[ACTION ITEM]
Begin at the line below that has "10. car (265, 265, 326, 288)" and stop after the line that has "HFOV 110.0°.". Please restate only those lines, word for word.

[SOURCE RECORDS]
□ □ □ □ □
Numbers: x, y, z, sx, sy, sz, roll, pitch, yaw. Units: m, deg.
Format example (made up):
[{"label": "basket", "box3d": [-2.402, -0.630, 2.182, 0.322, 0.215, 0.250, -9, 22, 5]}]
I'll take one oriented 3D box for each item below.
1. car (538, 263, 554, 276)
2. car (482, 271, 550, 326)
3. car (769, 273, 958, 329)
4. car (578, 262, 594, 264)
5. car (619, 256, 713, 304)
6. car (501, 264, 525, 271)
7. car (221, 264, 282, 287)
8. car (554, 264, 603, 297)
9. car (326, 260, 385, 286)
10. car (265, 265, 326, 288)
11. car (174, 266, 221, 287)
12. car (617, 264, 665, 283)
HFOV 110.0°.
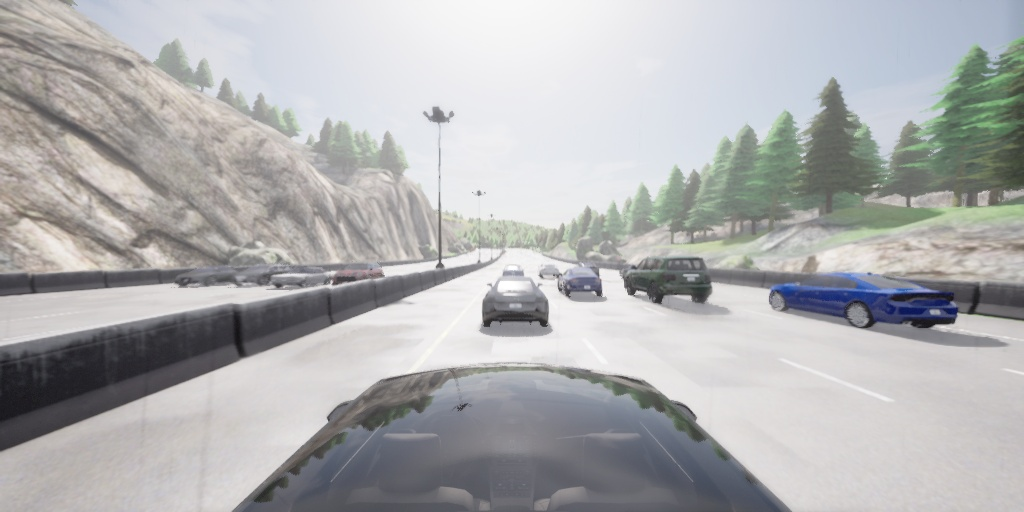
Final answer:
[{"label": "car", "box3d": [3.597, 1.395, 35.647, 1.812, 1.442, 4.674, 0, 0, 0]}, {"label": "car", "box3d": [0.099, 1.350, 11.890, 1.994, 1.385, 4.181, 0, 0, 0]}, {"label": "car", "box3d": [10.599, 1.262, 11.458, 1.882, 1.535, 5.008, 0, 0, 0]}, {"label": "car", "box3d": [7.097, 1.357, 34.587, 2.128, 1.511, 4.902, 0, 0, 0]}, {"label": "car", "box3d": [7.099, 1.025, 16.876, 2.150, 2.045, 5.566, 0, 0, 0]}, {"label": "car", "box3d": [0.097, 1.395, 29.801, 2.033, 1.411, 5.357, 0, 0, 0]}, {"label": "car", "box3d": [-17.598, 1.325, 25.665, 2.128, 1.511, 4.902, 0, 0, 0]}, {"label": "car", "box3d": [3.599, 1.338, 19.423, 1.812, 1.442, 4.674, 0, 0, 0]}, {"label": "car", "box3d": [-10.599, 1.183, 25.039, 2.097, 1.767, 4.553, 0, 0, 0]}, {"label": "car", "box3d": [-14.101, 1.430, 24.406, 1.895, 1.301, 4.718, 0, 0, 0]}, {"label": "car", "box3d": [-21.098, 1.396, 25.190, 1.994, 1.385, 4.181, 0, 0, 0]}, {"label": "car", "box3d": [10.598, 1.396, 29.943, 2.033, 1.411, 5.357, 0, 0, 0]}]
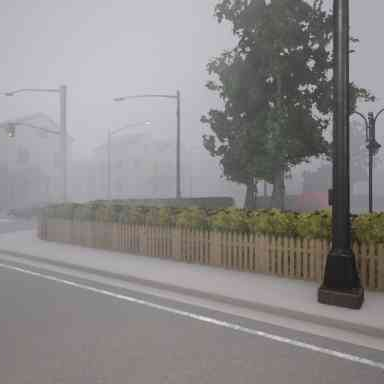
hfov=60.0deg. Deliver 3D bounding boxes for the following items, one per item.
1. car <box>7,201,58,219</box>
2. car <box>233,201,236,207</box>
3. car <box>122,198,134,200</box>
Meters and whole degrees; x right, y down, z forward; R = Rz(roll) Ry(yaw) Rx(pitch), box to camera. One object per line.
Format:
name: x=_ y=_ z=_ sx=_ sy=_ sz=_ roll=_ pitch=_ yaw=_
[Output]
car: x=-13.259 y=1.547 z=29.458 sx=2.033 sy=1.411 sz=5.357 roll=0 pitch=0 yaw=35
car: x=4.909 y=1.564 z=49.111 sx=1.994 sy=1.385 sz=4.181 roll=0 pitch=0 yaw=35
car: x=-7.317 y=1.491 z=38.004 sx=2.128 sy=1.511 sz=4.902 roll=0 pitch=0 yaw=35
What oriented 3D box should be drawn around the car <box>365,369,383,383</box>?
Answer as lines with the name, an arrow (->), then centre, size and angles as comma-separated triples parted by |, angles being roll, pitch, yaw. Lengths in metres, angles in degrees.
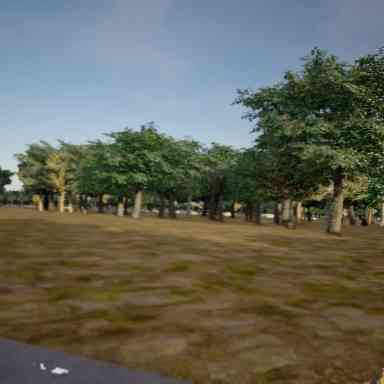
car -> 3.911, 1.743, 1.836 | 5.366, 1.575, 1.801 | 1, -4, 23
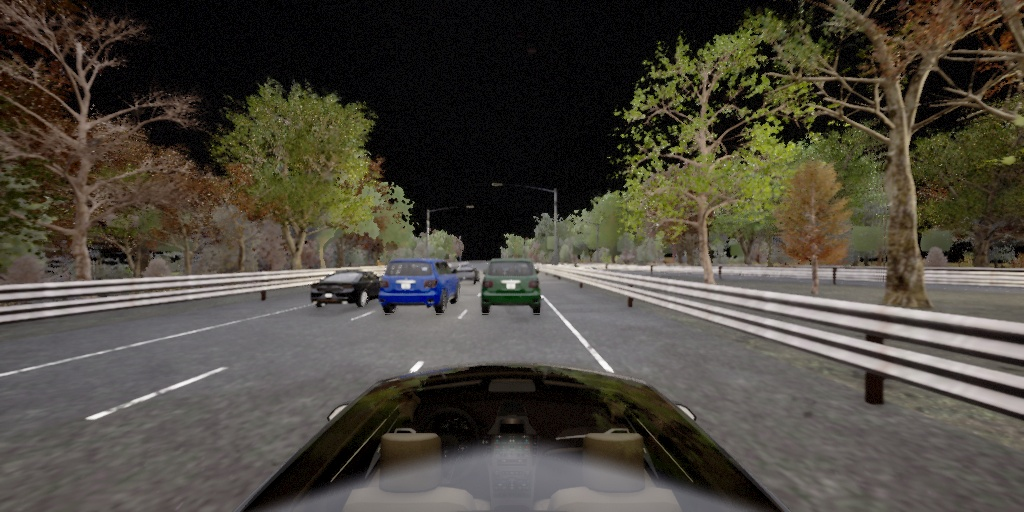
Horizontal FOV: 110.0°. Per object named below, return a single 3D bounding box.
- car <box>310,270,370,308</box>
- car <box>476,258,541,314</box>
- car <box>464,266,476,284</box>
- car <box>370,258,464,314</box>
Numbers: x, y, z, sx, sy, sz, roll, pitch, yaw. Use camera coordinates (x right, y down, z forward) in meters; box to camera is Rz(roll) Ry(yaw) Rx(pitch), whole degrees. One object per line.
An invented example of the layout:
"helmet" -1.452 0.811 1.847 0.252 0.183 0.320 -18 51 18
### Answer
"car" -7.042 1.381 16.218 1.882 1.535 5.008 0 0 0
"car" -0.038 1.111 14.585 2.150 2.045 5.566 0 0 0
"car" -3.751 1.555 30.564 2.128 1.511 4.902 0 -1 -1
"car" -3.539 1.112 14.606 2.150 2.045 5.566 0 0 0
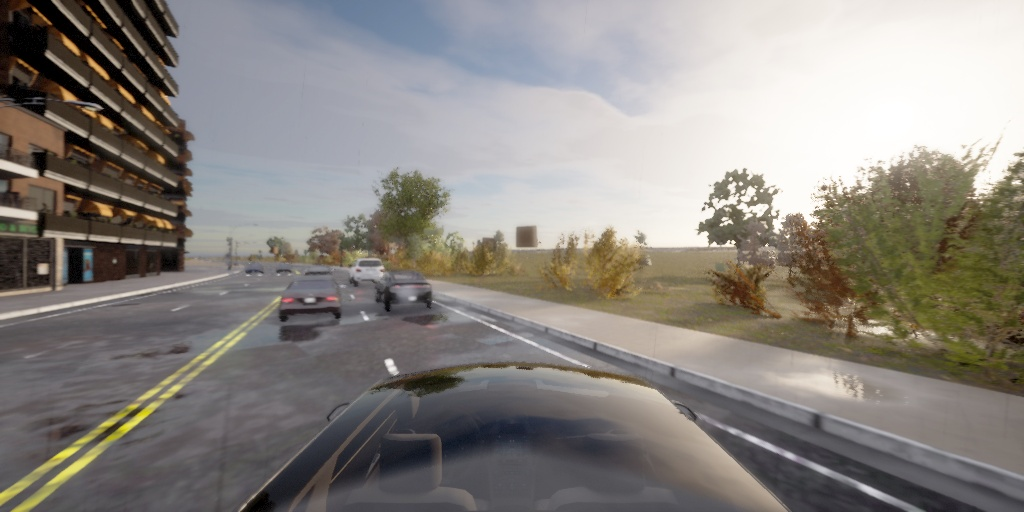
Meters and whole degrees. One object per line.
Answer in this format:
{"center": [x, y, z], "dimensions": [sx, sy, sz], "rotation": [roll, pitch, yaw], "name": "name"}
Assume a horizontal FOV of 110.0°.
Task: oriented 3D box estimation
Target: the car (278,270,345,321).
{"center": [-7.225, 1.408, 13.116], "dimensions": [2.033, 1.411, 5.357], "rotation": [0, -1, -26], "name": "car"}

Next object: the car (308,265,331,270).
{"center": [-15.021, 1.475, 27.980], "dimensions": [1.882, 1.535, 5.008], "rotation": [0, 0, -28], "name": "car"}

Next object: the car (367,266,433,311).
{"center": [-4.763, 1.378, 15.456], "dimensions": [2.128, 1.511, 4.902], "rotation": [0, 0, -27], "name": "car"}

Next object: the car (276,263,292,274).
{"center": [-31.214, 1.730, 49.239], "dimensions": [2.033, 1.411, 5.357], "rotation": [0, -1, -31], "name": "car"}

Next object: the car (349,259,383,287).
{"center": [-11.363, 1.226, 28.051], "dimensions": [2.150, 2.045, 5.566], "rotation": [0, 0, -28], "name": "car"}

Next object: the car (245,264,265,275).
{"center": [-33.910, 1.711, 47.420], "dimensions": [2.033, 1.411, 5.357], "rotation": [0, -1, -31], "name": "car"}
□ □ □ □ □
[SOLUTION]
10. car (265, 265, 326, 288)
11. car (174, 266, 221, 287)
12. car (617, 264, 665, 283)
HFOV 110.0°.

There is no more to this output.